Poiché la platea è composta soprattutto di donne appassionate di vino, se immaginiamo questa presentazione come una sfilata femminile i primi passi sul red carpet del Westin sono quelli di una donna dolce e suadente, il Durello Rosé azienda Marcato, 36 mesi sui lieviti, sboccatura 2013, 50% pinot nero, 10% chardonnay, 40% durella: il colore è una sfida soprattutto in chiave evolutiva, appare quasi come un vino dalla doppia personalità, un frutto rosso molto forte, abbinato ad una dolcezza dovuta ad un dosaggio di zuccheri importante, 11 g. Un vino/donna forse troppo ingentilito, una dolcissima caramella alla frutta.
Segue in passerella una donna forte, possessiva, a tratti gelosa: si tratta di un vino un po' tannico, a volte maschio, ruvido, pieno di energia. E' La Stipula, azienda Cantine del Notaio, 36 mesi sui lieviti, sboccatura 2014, 100% aglianico, non dosato: un vino decisamente più pieno del precedente per effetto dei lieviti, con note di tostatura e di pasticceria, e sentori di spezie che testimoniano un'uva rossa più ricca all'origine.
Sulla nostra catwalk si affaccia timidamente una donna morbida ed avvolgente, frutto di un vitigno che è l'essenza della morbidezza e della fruttuosità, lo chardonnay. Si tratta del Brut Rosè dell'azienda Ugo Vezzoli; siamo in Oltrepò Pavese, 60% chardonnay, 40% pinot nero, 24 mesi sui lieviti, sboccatura 2014: frutto rosso, ma anche arancio, con note salmastre, vegetali e muschiate proprie del pinot nero, con un lievito ancora molto presente.

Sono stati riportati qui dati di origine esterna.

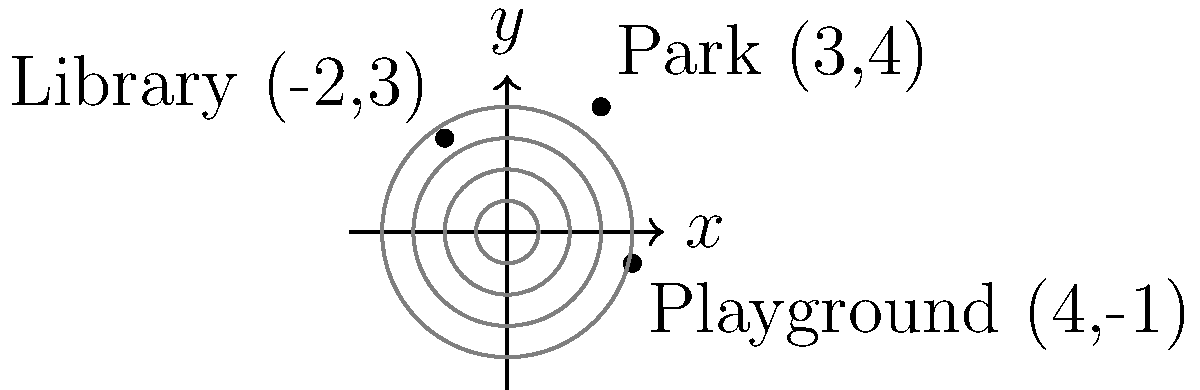As a mother encouraging outdoor activities, you want to represent locations in polar coordinates. Given the Cartesian coordinates of three locations: Park (3,4), Library (-2,3), and Playground (4,-1), which location has the smallest polar angle $\theta$ when converted to polar coordinates $(r,\theta)$? To solve this problem, we need to convert each location from Cartesian coordinates (x,y) to polar coordinates (r,θ). The formulas for conversion are:

$r = \sqrt{x^2 + y^2}$
$\theta = \tan^{-1}(\frac{y}{x})$

However, we need to be careful with the arctangent function and adjust the angle based on the quadrant. Let's convert each location:

1. Park (3,4):
   $r = \sqrt{3^2 + 4^2} = 5$
   $\theta = \tan^{-1}(\frac{4}{3}) \approx 0.927$ radians or 53.13°

2. Library (-2,3):
   $r = \sqrt{(-2)^2 + 3^2} = \sqrt{13}$
   $\theta = \tan^{-1}(\frac{3}{-2}) + \pi \approx 2.158$ radians or 123.69°
   (We add π because it's in the 2nd quadrant)

3. Playground (4,-1):
   $r = \sqrt{4^2 + (-1)^2} = \sqrt{17}$
   $\theta = \tan^{-1}(\frac{-1}{4}) \approx -0.245$ radians or -14.04°
   (This is already in the correct quadrant)

Comparing the angles:
Playground: -14.04°
Park: 53.13°
Library: 123.69°

The smallest angle is -14.04°, which corresponds to the Playground.
Answer: Playground (4,-1) 
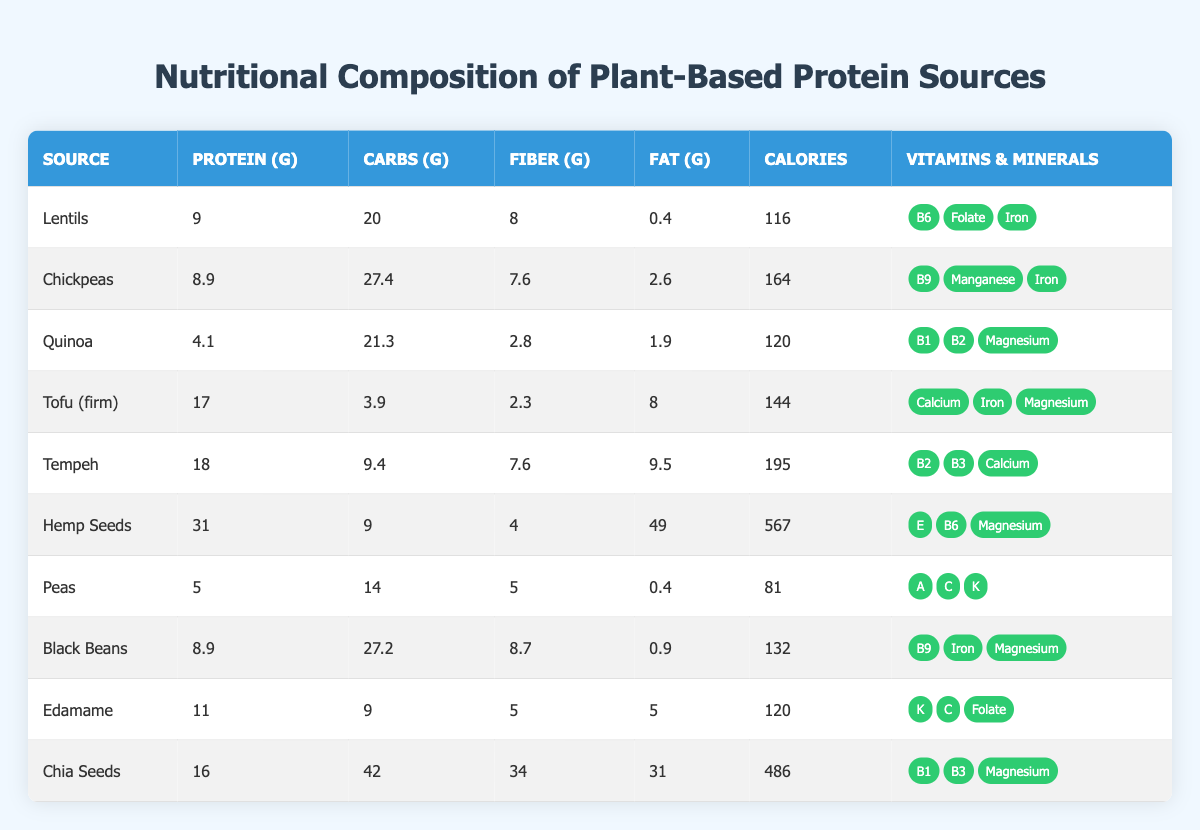What is the protein content of Tempeh? In the table, locate the row for Tempeh. The protein content listed next to Tempeh is 18 grams.
Answer: 18 grams Which plant protein source has the lowest carbohydrate content? By reviewing the carbohydrate values from each source, Peas has the lowest carbohydrate content with 14 grams.
Answer: Peas What is the total fiber content in Lentils and Black Beans combined? For Lentils, the fiber content is 8 grams, and for Black Beans, it is 8.7 grams. Adding them together: 8 + 8.7 = 16.7 grams of fiber.
Answer: 16.7 grams True or False: Quinoa contains higher protein than Edamame. Quinoa has 4.1 grams of protein and Edamame has 11 grams. Therefore, the statement is false.
Answer: False What is the calorie difference between Hemp Seeds and Tofu (firm)? Hemp Seeds have 567 calories, and Tofu (firm) has 144 calories. The difference is calculated as 567 - 144 = 423 calories.
Answer: 423 calories Which vitamin is present in the highest number of plant protein sources? By inspecting the vitamins listed for each source, we find B6 appears in Three sources (Lentils, Hemp Seeds, and Tofu). However, B9 also appears in Chickpeas and Black Beans, making it common across four sources. Thus, B9 is present in the highest number of sources.
Answer: B9 If you were to average the protein content of all sources listed, what would that average be? The total protein content from all sources is summed: 9 + 8.9 + 4.1 + 17 + 18 + 31 + 5 + 8.9 + 11 + 16 = 129.1 grams. There are 10 sources, so the average protein content is 129.1 / 10 = 12.91 grams.
Answer: 12.91 grams Which source has the highest fat content and what is the value? By scanning the fat values, Hemp Seeds shows the highest content at 49 grams.
Answer: 49 grams Does Chickpeas provide more calories than Black Beans? Chickpeas have 164 calories and Black Beans have 132 calories, which means Chickpeas provide more calories.
Answer: Yes

Poco dopo sulla scena una donna profondamente femminile, dal profumo più bianco che rosso: un profumo che accoglie, con una buona mineralità e dolcezza del frutto. Un bellissimo sapore di frutta, un aroma elegante e fine: si tratta del Rosè di Villa Matilde di Sessa Aurunca, aglianico 100%, 24 mesi sui lieviti.
A seguire, poi, una donna che è negramaro in purezza, una donna croccante, dal carattere deciso: Five Roses di Leone de Castris, 24 mesi sui lieviti, sboccatura 2013: a tratti è dolce, a tratti è vegetale, con quella parte di foglia lattiginosa, di fico, di castagno, che lo rende così vivace.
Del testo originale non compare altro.